Time is Accelerating, Study Finds

London, November 29, 2010 -- Do simple things like tying your shoes, brushing your teeth or sitting through someone else's wedding seem to take longer than they once did? Do you generally wake up in the morning feeling cranky and bleary-eyed rather than refreshed and well-rested? Do vacations seem to flit by like a millisecond-long, scarcely remembered dream?

A new study by the Society of Unaffiliated Local Chronographers (SULC), an international union of scientists who are paid by the hour to study time, find that many of these seeming inconsistencies can be explained by the fact that time itself is accelerating at an alarming and increasing rate.

According to Dr. Herbert Tiktoch, president of SULC and a leading investigator into what the union calls universal time inflation, "time has been accelerating since the beginning of recorded, well, time. The root causes of the acceleration of time are not well established yet, although we think it may have to do with the possible contraction of space, a potential reversal of the Big Bang effect. If the universe were to contract at an increasing rate, time would accelerate along with it. We can't verify this possibility with any instruments at our disposal at this time, unfortunately, and if it's correct, the amount of time we have left to confirm it is shrinking, too."

Dr. Tiktoch said that time's acceleration explains a large number of otherwise inexplicable phenomena that have confounded historians and behavioural anthropologists for decades.
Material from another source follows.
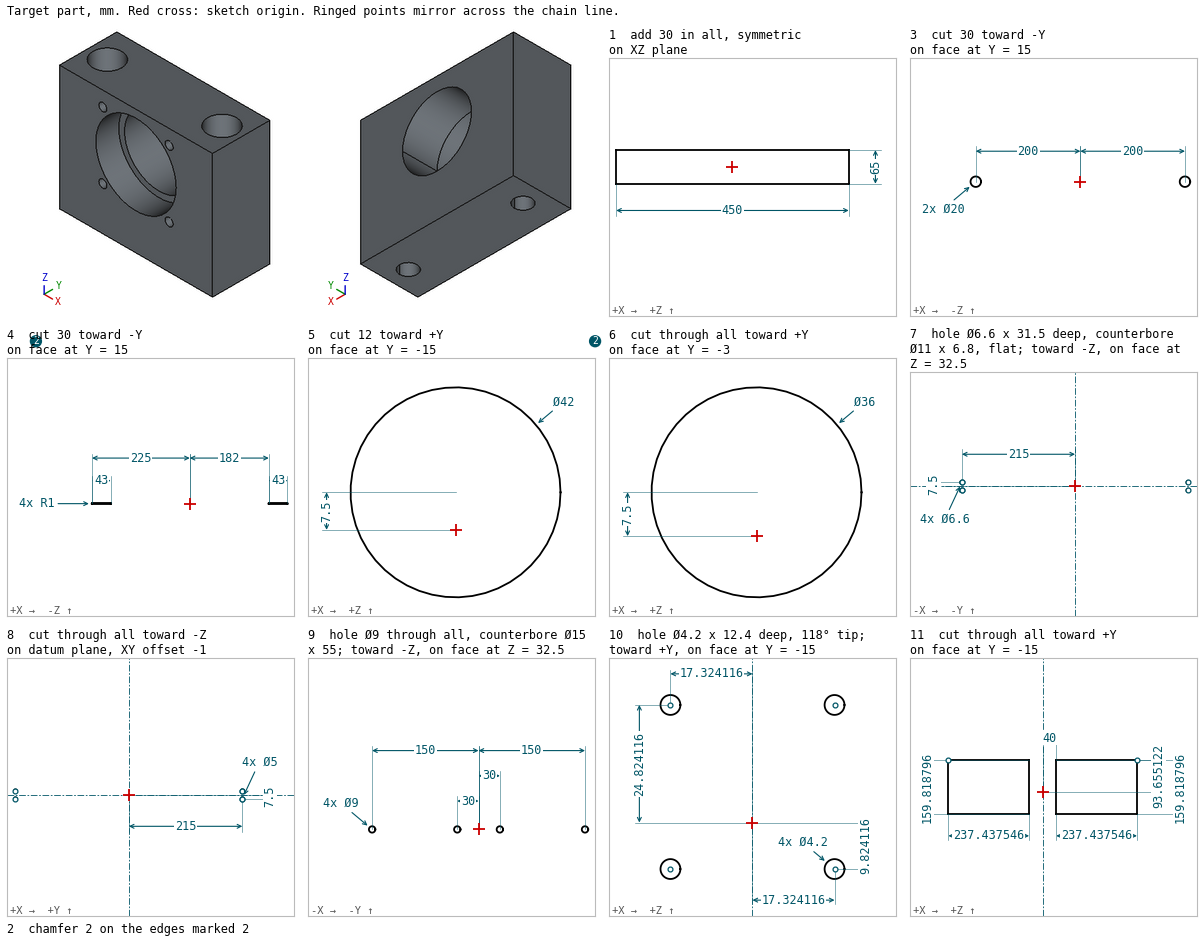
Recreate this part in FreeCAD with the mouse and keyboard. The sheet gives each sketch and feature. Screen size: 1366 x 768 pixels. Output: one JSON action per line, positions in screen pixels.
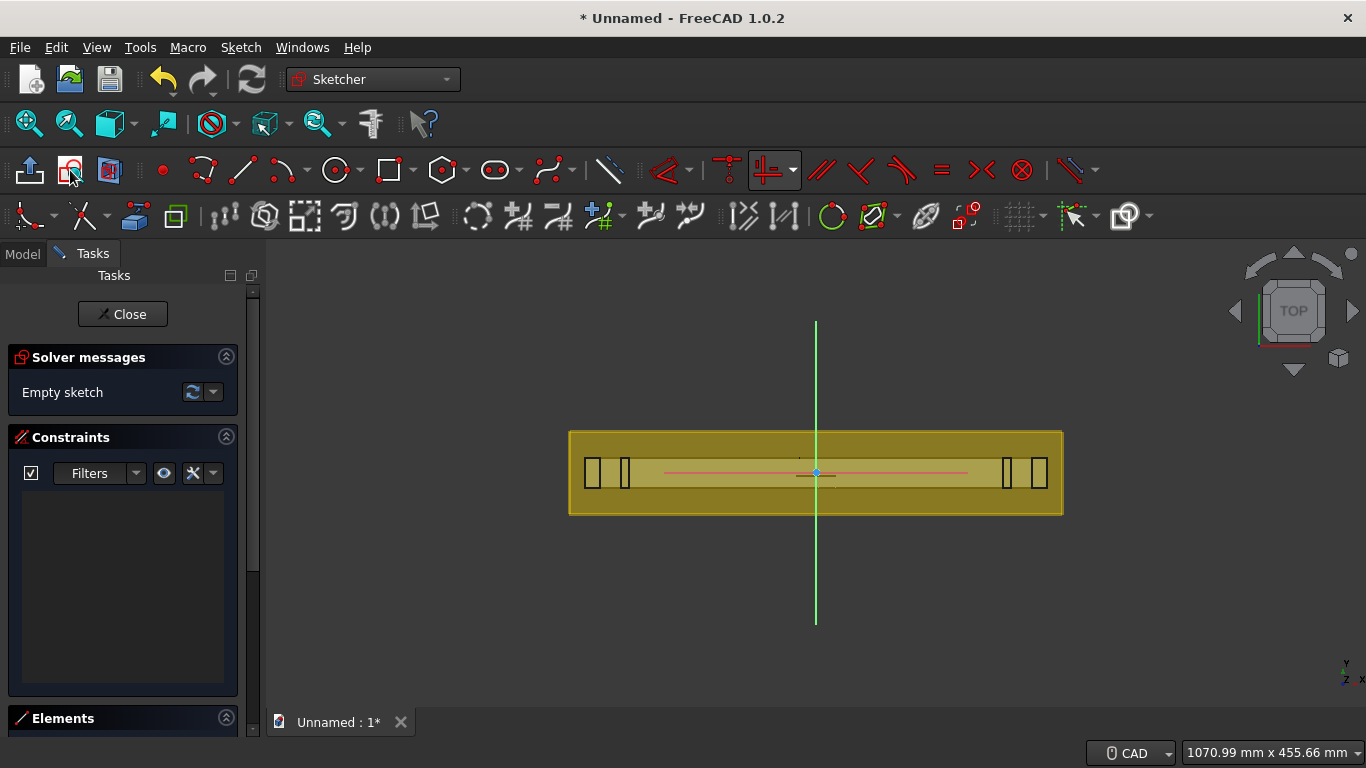
{"action": "scroll", "coordinate": [955, 473], "scroll_direction": "up", "scroll_amount": 2}

"One of the first and perhaps most everyday behavioral issues we were able to explain with the time inflation hypothesis," said Dr. Tiktoch, "is the bewilderingly slow pace of the elderly—when driving, trying on hats, relating anecdotes, baking. The simple fact is that for someone, Grandpa, for instance, who is 80 years of age, time has been accelerating for four times as long as for someone who is only twenty."

"The resulting temporal relativity," he continued, "when, for example, the elder party attempts to perform a task that would be accomplished much more quickly by the younger party, is in reality a simple side-effect of the changing shape of the universe."

Other phenomena explained by the Tiktoch time inflation theory are: summer and winter vacations that seemed to last years when one was a child, but that now seem to blip by in seconds; the inflationary influence time exerts on international currency markets due to the time is money axiom; and the rapid flight of time when experiencing enjoyable activities.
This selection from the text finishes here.